# Tugtalk



## marco nista

What's happened to TUGTALK ?

I've just tried to visit it, the first time for several months, & there it was, gone.

Is it still around, under a different name or resited to another website/forum perhaps ?

Any help would be much appreciated.

73s

Marco


----------



## KYRENIA

Marco. Tugtalk has been down for over a week now. Not sure of the reason but we think it`s "domain" time has elapsed. If you Google Clydesite then go to Foghorn you can see all the comments about TT over the last week or so.
Cheers, John.


----------



## marco nista

John -


Many thanks, I'll keep an eye on Clydesite which claims to be the new home for 'Tugtalk'

Can't find 'Tugtalk' or 'Foghorn' there at the moment.

73s

Marco


----------



## KYRENIA

When on Clydesite click on the banner FOGHORN.
Cheers, John.


----------



## marco nista

John -


Thanks ! Missed it lurking as the banner.
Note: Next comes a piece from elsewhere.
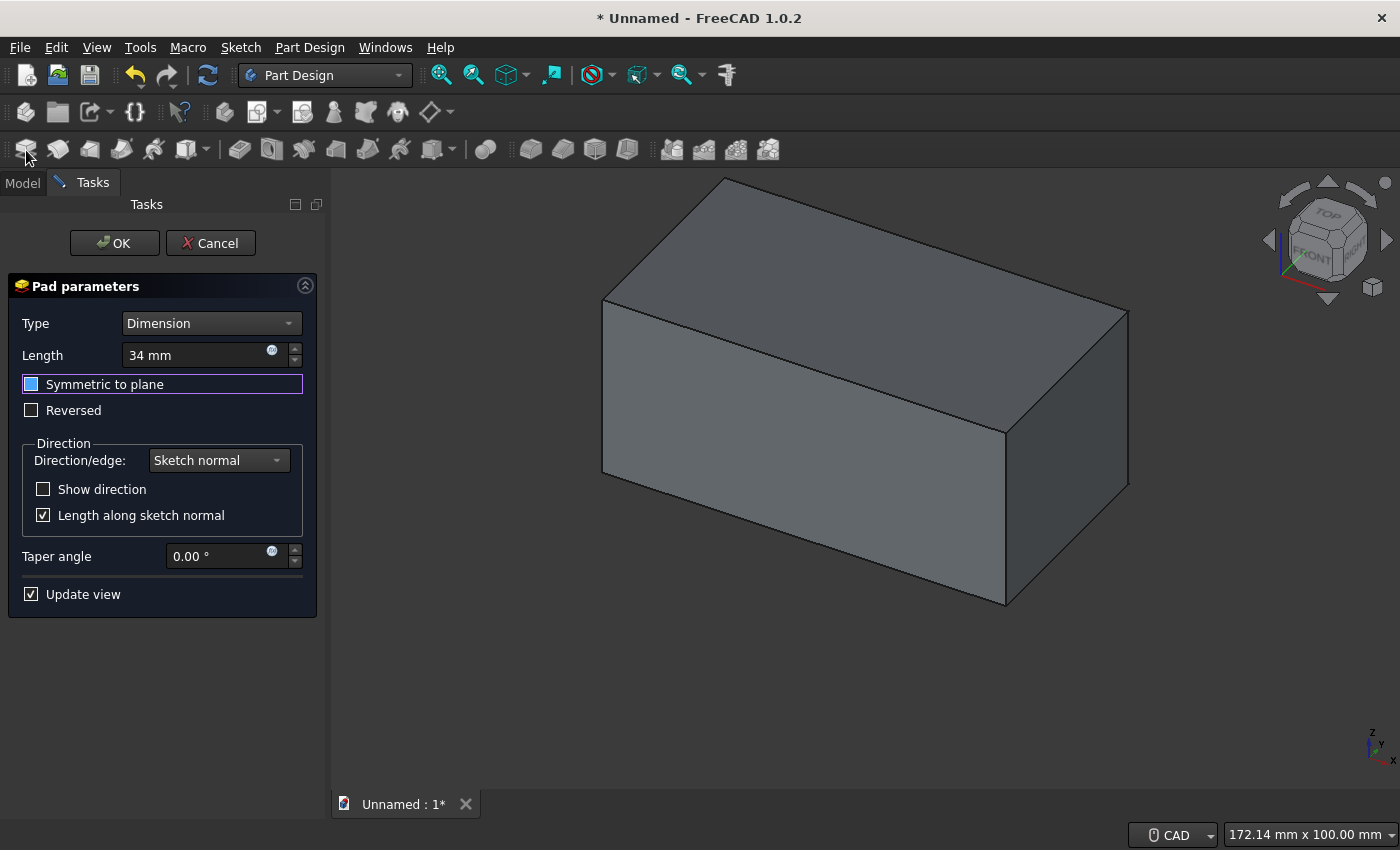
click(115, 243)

Sad to see brain failure in one so young.

73s

Marco


----------



## Cobbydale

Looks to be up and running again today...


----------



## senior pilot

looks to be back to normal


----------



## Jocko

Famous tugs were the Bustler and the Turmoil. Ocean going tugs one of them I think it was the Turmoil was famous for trying to save the "Flying Enterprise" in the mid 1950s. I was a strong follower of these tugs as we built their engines in the British Polar Engines in Govan where I was an apprentice and Jimmy Reid was our Shop Steward, Days long gone by as the Polar doesn`t build engines anymore.


----------



## gwynne

does anyone know where henderson-morez ltd b/up wharf at dartford creek was in 1977, i have being trying to find but failed any help cheers,


----------



## whizzo

hi if it is any help i lived in the 70s by Dartford creek as far as i know hms fiskerton was broken up in 1976 /77 at henderson-morez - but the location is misleading as i think it was in the river Darent placed off now the m25 at riverhead the main part of Dartford creek was used for the local paper works wigen,s teape hope this helps regards whizzo


----------



## gwynne

to whizzo . THANKYOU FOR THE INFORMATION.I HAVE BEEN UP& DOMN THEDARTMOUTH CREEK LOOKING FOR AN OLD WHARF THE ONLY CLUE I HAD WAS THE PLYLONS GOING ACROSS THE CREEK, IT LOOKS LIKE I WAS LOOKING IN THE WRONG AREA I MIGHT FIND AN OLD WHARF OR SOME OTHER CLUE HOW FAR DO I GO UP THE DARENT ENTRANTS, THANKYOU ONCE AGAIN GWYNNE


----------



## gwynne

can anyone have any details of the whereabouts of llanelly shipbreakers ,They b/up a lot of naval vessels, Which closed early 60.s,It was owned by edgar rees,A map or aphoto of a ship at the yard or anything wounld be most grateful Gwynne


----------



## Frank77

Where's TUGTALK gone this time, I've been trying all week to get on.


----------